Collected data:
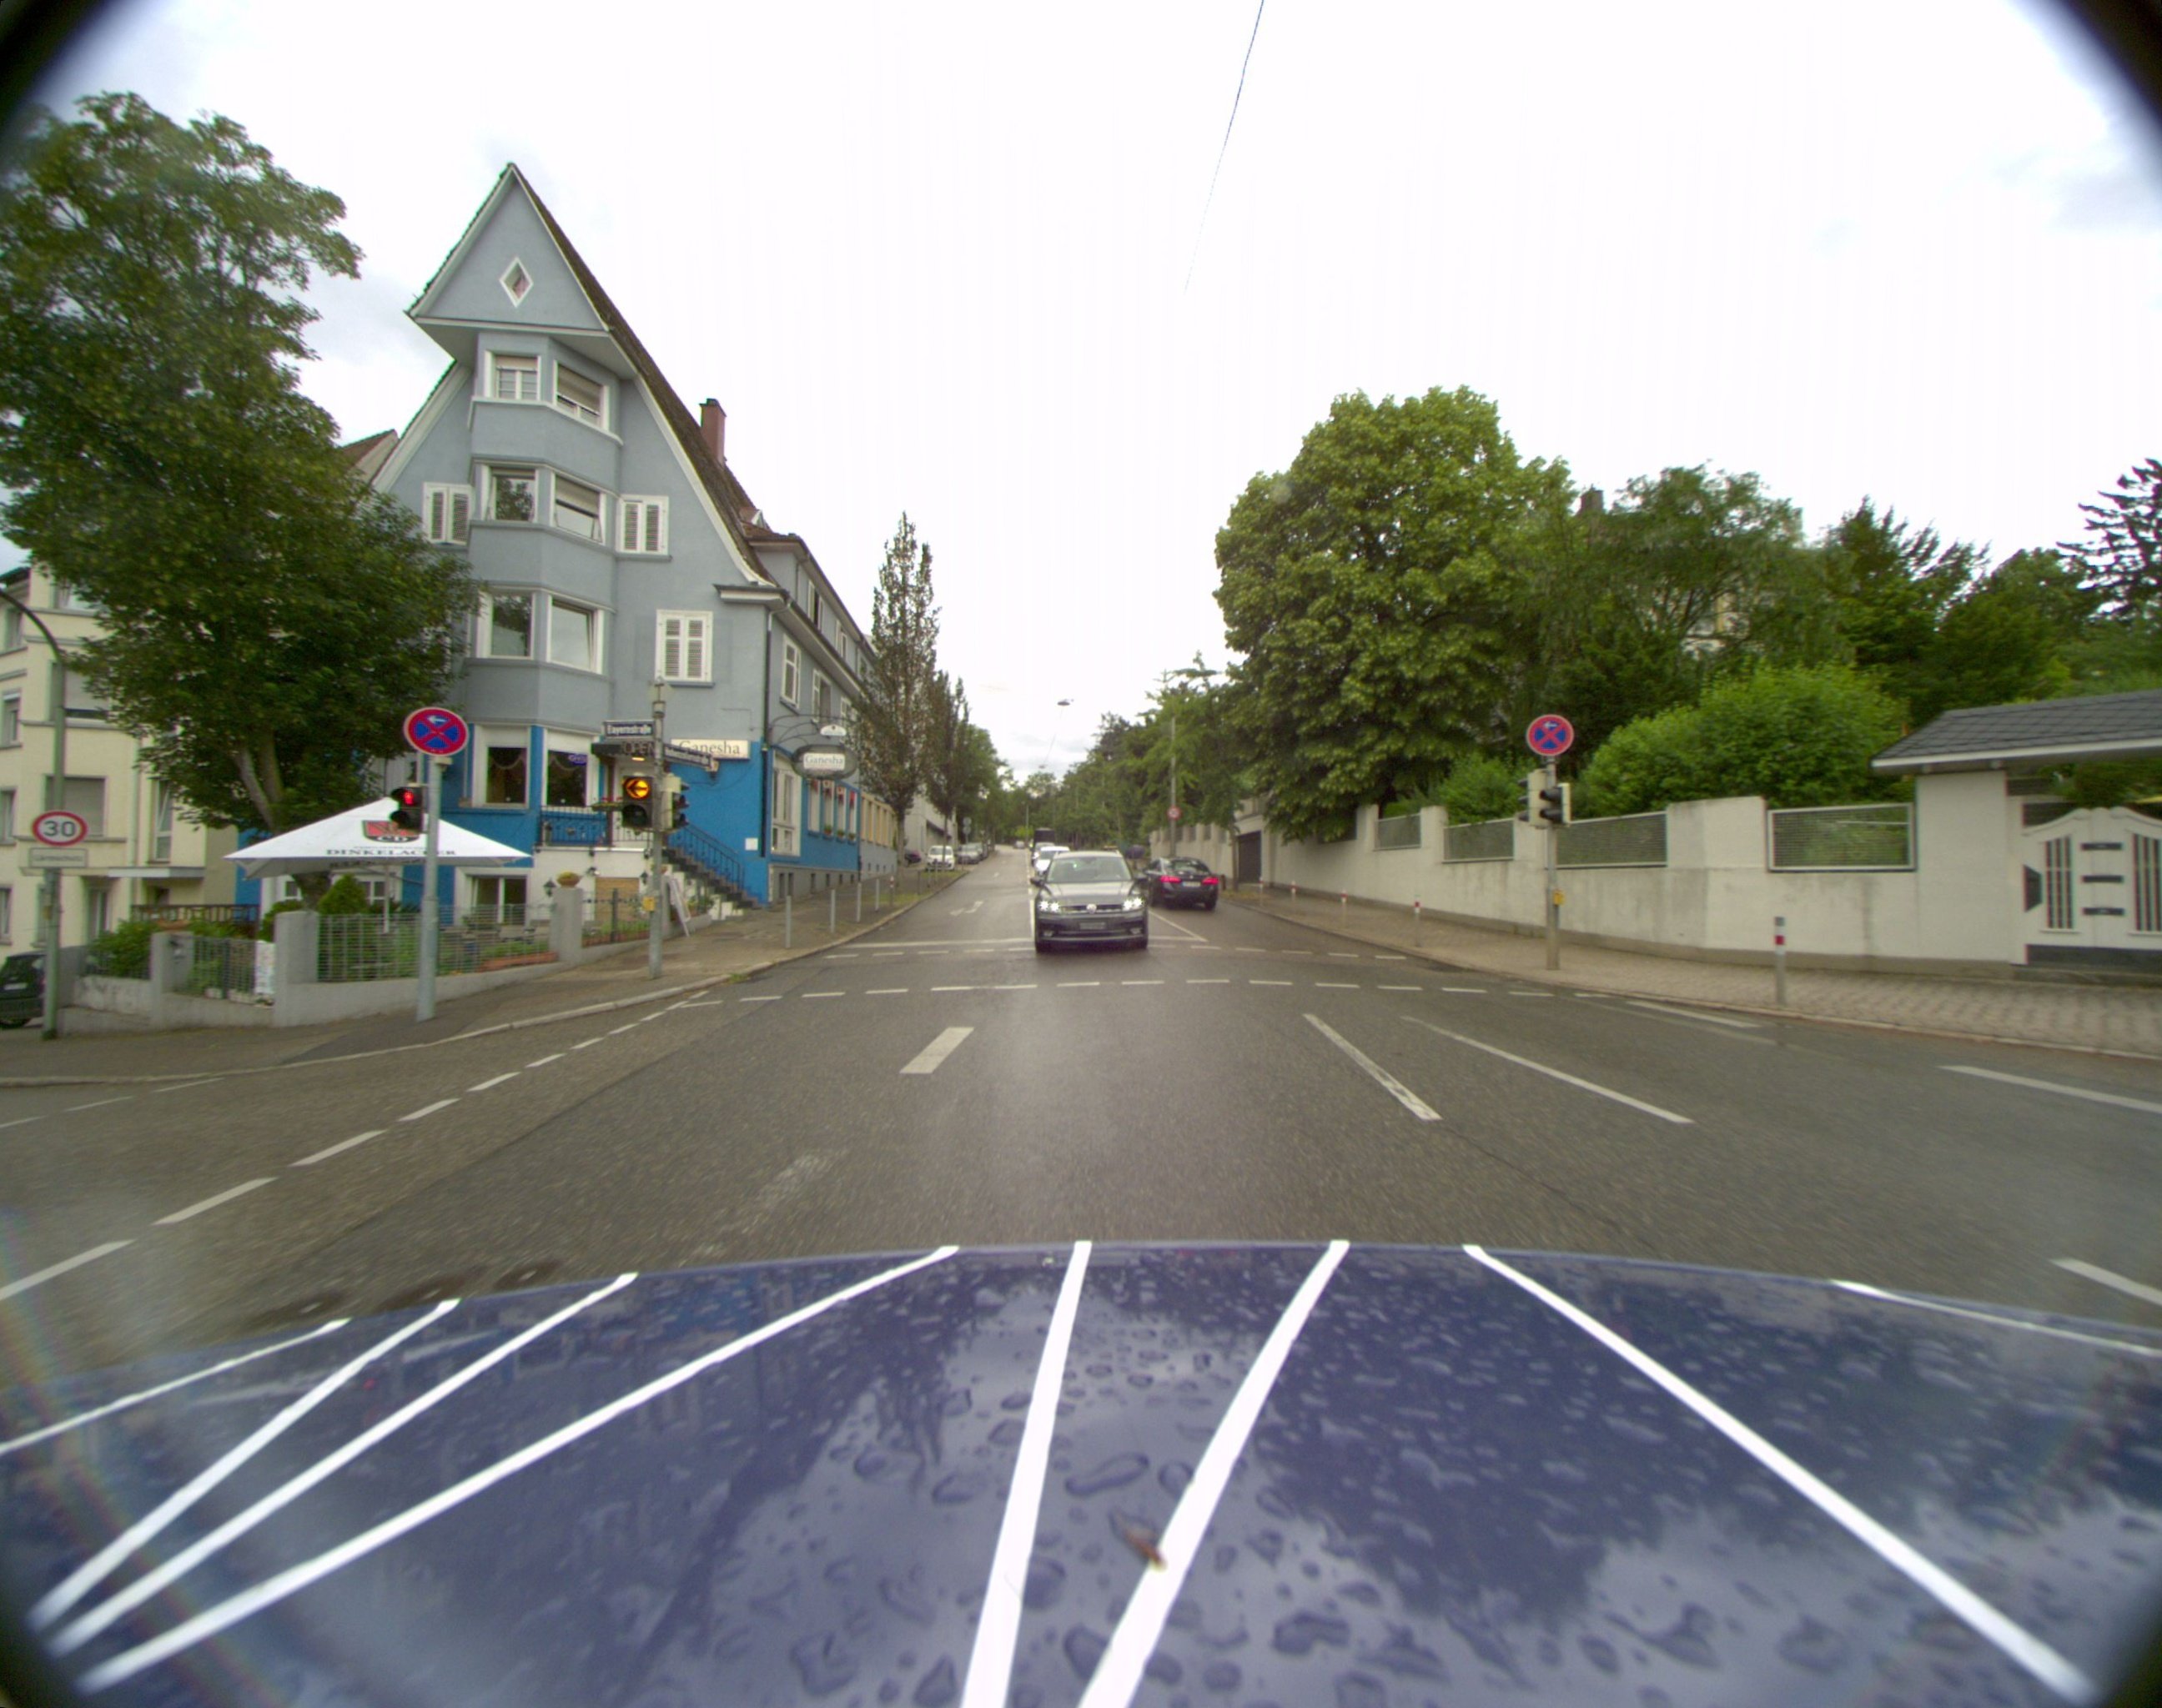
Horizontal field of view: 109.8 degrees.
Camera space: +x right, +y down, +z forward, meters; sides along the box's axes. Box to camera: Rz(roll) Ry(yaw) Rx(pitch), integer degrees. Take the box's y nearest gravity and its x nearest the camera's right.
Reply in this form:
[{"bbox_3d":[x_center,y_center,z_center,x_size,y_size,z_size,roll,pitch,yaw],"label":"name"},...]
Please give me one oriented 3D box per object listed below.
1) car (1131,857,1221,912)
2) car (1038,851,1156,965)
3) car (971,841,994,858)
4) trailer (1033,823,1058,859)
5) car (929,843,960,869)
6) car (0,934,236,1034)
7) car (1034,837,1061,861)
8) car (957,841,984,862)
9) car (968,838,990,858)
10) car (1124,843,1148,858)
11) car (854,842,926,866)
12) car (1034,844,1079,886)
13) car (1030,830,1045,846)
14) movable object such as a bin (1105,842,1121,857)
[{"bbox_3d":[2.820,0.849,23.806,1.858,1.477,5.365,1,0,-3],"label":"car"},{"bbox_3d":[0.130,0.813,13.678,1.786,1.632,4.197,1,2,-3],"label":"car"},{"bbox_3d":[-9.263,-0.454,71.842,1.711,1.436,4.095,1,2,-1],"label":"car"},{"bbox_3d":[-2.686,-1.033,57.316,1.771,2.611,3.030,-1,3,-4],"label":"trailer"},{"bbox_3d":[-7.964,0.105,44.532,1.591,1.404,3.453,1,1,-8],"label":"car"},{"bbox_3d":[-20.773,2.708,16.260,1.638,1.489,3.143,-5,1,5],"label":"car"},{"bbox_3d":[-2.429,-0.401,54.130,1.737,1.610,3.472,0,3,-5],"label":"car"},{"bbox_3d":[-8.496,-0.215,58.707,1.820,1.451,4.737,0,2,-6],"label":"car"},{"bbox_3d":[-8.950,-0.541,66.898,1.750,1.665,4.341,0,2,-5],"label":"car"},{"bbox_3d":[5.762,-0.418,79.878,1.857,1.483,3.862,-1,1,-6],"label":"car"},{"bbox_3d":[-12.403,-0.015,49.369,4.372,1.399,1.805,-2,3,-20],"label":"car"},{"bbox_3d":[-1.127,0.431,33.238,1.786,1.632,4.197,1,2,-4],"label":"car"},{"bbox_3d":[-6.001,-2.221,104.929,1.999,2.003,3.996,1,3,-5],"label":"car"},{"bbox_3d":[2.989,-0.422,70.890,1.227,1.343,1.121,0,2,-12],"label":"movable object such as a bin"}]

*Task prompt:* Print every record above exactly, but no pictures.

*Expected output:*
Horizontal field of view: 109.8 degrees.
Camera space: +x right, +y down, +z forward, meters; sides along the box's axes. Box to camera: Rz(roll) Ry(yaw) Rx(pitch), integer degrees. Take the box's y nearest gravity and its x nearest the camera's right.
Reply in this form:
[{"bbox_3d":[x_center,y_center,z_center,x_size,y_size,z_size,roll,pitch,yaw],"label":"name"},...]
Please give me one oriented 3D box per object listed below.
1) car (1131,857,1221,912)
2) car (1038,851,1156,965)
3) car (971,841,994,858)
4) trailer (1033,823,1058,859)
5) car (929,843,960,869)
6) car (0,934,236,1034)
7) car (1034,837,1061,861)
8) car (957,841,984,862)
9) car (968,838,990,858)
10) car (1124,843,1148,858)
11) car (854,842,926,866)
12) car (1034,844,1079,886)
13) car (1030,830,1045,846)
14) movable object such as a bin (1105,842,1121,857)
[{"bbox_3d":[2.820,0.849,23.806,1.858,1.477,5.365,1,0,-3],"label":"car"},{"bbox_3d":[0.130,0.813,13.678,1.786,1.632,4.197,1,2,-3],"label":"car"},{"bbox_3d":[-9.263,-0.454,71.842,1.711,1.436,4.095,1,2,-1],"label":"car"},{"bbox_3d":[-2.686,-1.033,57.316,1.771,2.611,3.030,-1,3,-4],"label":"trailer"},{"bbox_3d":[-7.964,0.105,44.532,1.591,1.404,3.453,1,1,-8],"label":"car"},{"bbox_3d":[-20.773,2.708,16.260,1.638,1.489,3.143,-5,1,5],"label":"car"},{"bbox_3d":[-2.429,-0.401,54.130,1.737,1.610,3.472,0,3,-5],"label":"car"},{"bbox_3d":[-8.496,-0.215,58.707,1.820,1.451,4.737,0,2,-6],"label":"car"},{"bbox_3d":[-8.950,-0.541,66.898,1.750,1.665,4.341,0,2,-5],"label":"car"},{"bbox_3d":[5.762,-0.418,79.878,1.857,1.483,3.862,-1,1,-6],"label":"car"},{"bbox_3d":[-12.403,-0.015,49.369,4.372,1.399,1.805,-2,3,-20],"label":"car"},{"bbox_3d":[-1.127,0.431,33.238,1.786,1.632,4.197,1,2,-4],"label":"car"},{"bbox_3d":[-6.001,-2.221,104.929,1.999,2.003,3.996,1,3,-5],"label":"car"},{"bbox_3d":[2.989,-0.422,70.890,1.227,1.343,1.121,0,2,-12],"label":"movable object such as a bin"}]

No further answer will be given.